5
5
Результатом всего сказанного может быть впечатление, что коммунистическая революция всегда — величайший обман и историческая случайность. В известном смысле это зерно: ни одной революции не требовалось столько особых обстоятельств и ни одна не сулила так много, а выполнила так мало из обещанного.
Демагогия, уклончивость, непоследовательность характерны для коммунистических вождей, а тем более когда им приходится обещать сверхидеальное общество и «отмену всякой эксплуатации».
И все-таки нельзя сказать, что коммунисты просто обманули народ: что-то намеренно, сознательно «наобещали», а потом — не выполнили. Дело тут вот в чем: они не могли выполнить того, во что сами фанатично верили. Они, понятно, не признаются, нет у них сил в этом признаться даже тогда, когда вынуждены действовать практически прямо противоположно обещанному в революции, притом обещанному принципиально. Признаться означало бы, по их мнению, признать и саму революцию излишней. А это, в свою очередь, стало бы признанием и их собственной ненужности. Что невозможно — даже для них, особенно для них.
Конечные результаты некоей общественной коллизии никогда не бывают и не могут быть такими, какими их наперед задумывают ее участники, ибо зависят они от труднопредсказуемого стечения бескрайнего количества обстоятельств, которые мысль человеческая и опыт предвидеть и подчинить себе могут лишь частично. Это тем более относится к революциям, требующим сверхчеловеческих усилий, вершащим в обществе крутые радикальные перемены и с неизбежностью порождающим и обусловливающим абсолютную веру в то, что после победы придет наконец к людям долгожданное счастье, наступит свобода. Французская революция свершилась во имя разума, с верой в конечный приход свободы, равенства и братства. Русская революция совершена «во имя научного мировоззрения», ради создания бесклассового общества. Но ни та ни другая не смогли бы дойти до конца, не имей революционеры, а с ними и часть общества, твердой веры в свои идеальные цели.

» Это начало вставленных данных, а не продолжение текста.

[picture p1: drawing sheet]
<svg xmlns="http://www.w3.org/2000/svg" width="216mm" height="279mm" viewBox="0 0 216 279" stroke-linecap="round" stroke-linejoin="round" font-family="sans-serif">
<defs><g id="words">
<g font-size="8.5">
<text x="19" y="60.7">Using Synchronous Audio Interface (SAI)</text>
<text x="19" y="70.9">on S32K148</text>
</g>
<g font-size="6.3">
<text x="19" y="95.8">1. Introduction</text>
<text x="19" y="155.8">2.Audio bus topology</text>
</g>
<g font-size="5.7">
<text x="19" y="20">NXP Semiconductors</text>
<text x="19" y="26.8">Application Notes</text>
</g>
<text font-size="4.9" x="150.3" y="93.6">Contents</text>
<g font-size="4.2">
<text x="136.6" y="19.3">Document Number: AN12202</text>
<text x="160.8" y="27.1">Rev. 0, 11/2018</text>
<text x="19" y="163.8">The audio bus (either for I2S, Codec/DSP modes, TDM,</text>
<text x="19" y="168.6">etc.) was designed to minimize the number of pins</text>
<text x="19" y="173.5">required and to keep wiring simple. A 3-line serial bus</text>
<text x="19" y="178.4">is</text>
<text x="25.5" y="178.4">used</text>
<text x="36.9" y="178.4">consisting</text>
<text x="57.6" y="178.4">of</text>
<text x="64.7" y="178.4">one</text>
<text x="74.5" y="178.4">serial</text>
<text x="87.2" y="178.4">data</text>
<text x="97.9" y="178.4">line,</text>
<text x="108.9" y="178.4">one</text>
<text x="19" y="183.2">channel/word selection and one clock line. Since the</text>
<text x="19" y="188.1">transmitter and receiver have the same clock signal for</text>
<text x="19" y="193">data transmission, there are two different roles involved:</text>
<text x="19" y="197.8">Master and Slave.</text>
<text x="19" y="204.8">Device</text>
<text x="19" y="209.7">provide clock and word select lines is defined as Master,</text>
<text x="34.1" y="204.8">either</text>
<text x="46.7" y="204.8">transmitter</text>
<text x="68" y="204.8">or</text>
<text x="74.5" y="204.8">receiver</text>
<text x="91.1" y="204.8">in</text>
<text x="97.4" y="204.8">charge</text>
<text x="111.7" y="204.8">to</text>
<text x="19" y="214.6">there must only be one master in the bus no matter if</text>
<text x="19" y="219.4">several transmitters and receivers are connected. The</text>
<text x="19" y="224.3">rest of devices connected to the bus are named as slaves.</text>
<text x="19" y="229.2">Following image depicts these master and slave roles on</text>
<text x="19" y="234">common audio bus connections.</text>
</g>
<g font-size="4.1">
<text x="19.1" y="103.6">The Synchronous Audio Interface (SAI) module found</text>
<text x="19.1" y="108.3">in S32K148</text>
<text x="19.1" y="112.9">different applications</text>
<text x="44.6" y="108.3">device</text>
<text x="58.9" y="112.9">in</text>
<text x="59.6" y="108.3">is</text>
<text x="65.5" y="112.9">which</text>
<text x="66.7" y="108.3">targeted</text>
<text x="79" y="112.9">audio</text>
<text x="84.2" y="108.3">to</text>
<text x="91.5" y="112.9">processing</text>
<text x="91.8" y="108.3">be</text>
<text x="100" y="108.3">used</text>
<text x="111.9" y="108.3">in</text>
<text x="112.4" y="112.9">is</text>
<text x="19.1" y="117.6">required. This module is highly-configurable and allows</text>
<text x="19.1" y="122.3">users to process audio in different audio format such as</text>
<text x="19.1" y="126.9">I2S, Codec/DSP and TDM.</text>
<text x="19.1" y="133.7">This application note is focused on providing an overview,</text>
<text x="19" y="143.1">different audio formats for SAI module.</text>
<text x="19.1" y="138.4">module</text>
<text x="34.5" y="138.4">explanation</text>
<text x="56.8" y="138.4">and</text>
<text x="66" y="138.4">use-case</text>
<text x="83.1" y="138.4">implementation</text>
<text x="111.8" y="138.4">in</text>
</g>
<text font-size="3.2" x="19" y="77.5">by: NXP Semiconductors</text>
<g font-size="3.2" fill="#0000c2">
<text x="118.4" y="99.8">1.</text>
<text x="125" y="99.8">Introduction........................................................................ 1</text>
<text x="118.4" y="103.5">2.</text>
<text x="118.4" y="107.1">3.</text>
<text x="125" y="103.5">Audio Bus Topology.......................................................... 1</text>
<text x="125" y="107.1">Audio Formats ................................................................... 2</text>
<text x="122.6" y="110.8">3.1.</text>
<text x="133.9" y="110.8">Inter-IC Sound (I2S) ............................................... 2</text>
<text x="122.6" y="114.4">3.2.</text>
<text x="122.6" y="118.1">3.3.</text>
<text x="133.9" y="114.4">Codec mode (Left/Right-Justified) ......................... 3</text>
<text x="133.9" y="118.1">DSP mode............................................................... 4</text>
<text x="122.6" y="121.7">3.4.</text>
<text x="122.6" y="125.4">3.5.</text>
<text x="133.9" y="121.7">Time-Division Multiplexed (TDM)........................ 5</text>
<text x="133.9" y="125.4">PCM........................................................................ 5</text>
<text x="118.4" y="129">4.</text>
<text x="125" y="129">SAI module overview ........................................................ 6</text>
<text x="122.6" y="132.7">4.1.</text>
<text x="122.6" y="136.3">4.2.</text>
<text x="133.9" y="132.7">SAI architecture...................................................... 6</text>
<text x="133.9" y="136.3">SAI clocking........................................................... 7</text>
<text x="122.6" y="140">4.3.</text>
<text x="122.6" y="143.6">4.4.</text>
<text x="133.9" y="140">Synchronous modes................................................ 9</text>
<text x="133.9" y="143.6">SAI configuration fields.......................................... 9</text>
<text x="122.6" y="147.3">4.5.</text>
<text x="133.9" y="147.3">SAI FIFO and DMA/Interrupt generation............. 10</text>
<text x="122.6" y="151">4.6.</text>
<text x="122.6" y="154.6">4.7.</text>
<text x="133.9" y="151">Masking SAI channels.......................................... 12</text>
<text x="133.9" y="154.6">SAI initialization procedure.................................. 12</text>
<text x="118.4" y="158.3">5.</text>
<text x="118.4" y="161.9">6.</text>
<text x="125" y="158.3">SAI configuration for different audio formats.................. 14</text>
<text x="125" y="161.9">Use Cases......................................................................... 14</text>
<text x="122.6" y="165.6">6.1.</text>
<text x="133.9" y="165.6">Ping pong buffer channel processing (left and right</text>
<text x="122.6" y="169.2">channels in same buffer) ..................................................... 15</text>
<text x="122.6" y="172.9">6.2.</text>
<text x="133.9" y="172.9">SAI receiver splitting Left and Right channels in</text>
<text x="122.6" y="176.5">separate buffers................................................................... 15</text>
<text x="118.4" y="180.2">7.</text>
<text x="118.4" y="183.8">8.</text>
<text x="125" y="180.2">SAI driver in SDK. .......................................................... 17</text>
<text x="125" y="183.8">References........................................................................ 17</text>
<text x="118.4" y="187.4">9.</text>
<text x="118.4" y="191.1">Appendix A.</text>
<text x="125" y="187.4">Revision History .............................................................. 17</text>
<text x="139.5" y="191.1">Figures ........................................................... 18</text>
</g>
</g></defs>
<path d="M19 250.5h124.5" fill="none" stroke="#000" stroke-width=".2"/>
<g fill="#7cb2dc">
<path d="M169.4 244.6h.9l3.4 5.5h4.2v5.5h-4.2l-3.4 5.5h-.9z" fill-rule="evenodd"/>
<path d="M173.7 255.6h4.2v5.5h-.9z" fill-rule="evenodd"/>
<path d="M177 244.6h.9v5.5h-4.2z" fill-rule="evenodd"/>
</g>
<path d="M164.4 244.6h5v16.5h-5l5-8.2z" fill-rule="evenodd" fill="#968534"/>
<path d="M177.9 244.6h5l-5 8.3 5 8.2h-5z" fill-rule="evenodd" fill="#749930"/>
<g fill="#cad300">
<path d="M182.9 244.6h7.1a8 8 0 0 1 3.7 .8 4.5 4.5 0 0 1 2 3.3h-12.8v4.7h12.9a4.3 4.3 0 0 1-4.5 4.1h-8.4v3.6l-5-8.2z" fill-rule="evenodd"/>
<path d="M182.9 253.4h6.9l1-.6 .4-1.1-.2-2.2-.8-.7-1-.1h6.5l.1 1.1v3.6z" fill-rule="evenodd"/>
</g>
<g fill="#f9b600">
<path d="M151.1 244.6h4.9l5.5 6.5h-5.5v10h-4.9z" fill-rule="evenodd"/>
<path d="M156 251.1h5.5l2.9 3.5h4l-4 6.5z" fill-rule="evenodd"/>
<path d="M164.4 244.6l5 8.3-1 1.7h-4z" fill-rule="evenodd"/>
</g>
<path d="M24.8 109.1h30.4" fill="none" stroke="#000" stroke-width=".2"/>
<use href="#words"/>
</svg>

Иллюзорная вера коммунистов в постреволюционные возможности была даже большей, чем у тех, кого они вели за собой. То, что индустриализация неминуема, коммунисты были способны узнать и знали, но о ее последствиях для общества, об общественных отношениях, которые из нее проистекут, — обо всем этом они могли только гадать.
Официальные коммунистические историки и в СССР, и в Югославии преподносят революцию исключительно как плод заранее продуманной вождями акции. Сознательным, продуманным был лишь курс на революцию и вооруженную борьбу, а формы рождались в непосредственном потоке событий, в конкретном действии, где и обтачивались. Примечательно, что Ленин, безусловно один из величайших революционеров в истории, не представлял, ни когда начнется, ни в каких формах будет протекать революция вплоть до момента, пока ему на это не указала прямая действительность и конкретика борьбы. В январе 1917 года, за месяц до Февральской революции и всего за десять месяцев до Октября, приведшего его к власти, он, выступая перед молодыми швейцарскими социалистами, сказал:
«Мы, старики, может быть, не доживем до решающих битв этой грядущей революции. Но я могу, думается мне, высказать с большой уверенностью надежду, что молодежь, которая работает так прекрасно в социалистическом движении Швейцарии и всего мира, что она будет иметь счастье не только бороться, но и победить в грядущей пролетарской революции»[4].
Стоит ли даже речь вести о том, что Ленин или кто-то иной был в состоянии предвидеть общественные последствия революции, предугадать, какие отношения сложатся в обществе во время и по окончании длительной, сложной борьбы?
Между тем, хотя коммунистические цели сами по себе и оказались нереальными, коммунисты, в отличие от революционеров прошлого, продемонстрировали максимальный реализм при осуществлении того, на что у них хватило сил и к чему, в конце концов, сводилась их историческая роль. Они осуществили промышленную революцию, притом единственно возможным способом: установив свое абсолютное тоталитарное господство.
При коммунистической революции впервые в истории сами революционеры после своей победы не только не исчезают с политической сцены, но с предельной практичностью, хотя и не освободившись от революционных иллюзий, приступают к строительству общественных отношений, совершенно противоположных тем, в которые верили и которые обещали создать. По ходу своего дальнейшего — индустриального — продолжения и преображения коммунистическая революция самих революционеров обращает в творцов и хозяев новой общественной ситуации.
На поверку неточными оказались конкретные предвидения Маркса, но в еще большей степени это относится к ленинским замыслам строительства свободного, бесклассового общества с помощью диктатуры. Между тем то, что сделало революцию неизбежной — промышленное переустройство на базе современной технологии, воплощено в жизнь.
В отличие от объективного закона, подтвердившего, как обычно, свою универсальность и, следовательно, если можно так выразиться, — свою непогрешимость, роли людей вновь предстали лишь частично и относительно надежными, а их предвидения — лишь частично и относительно точными.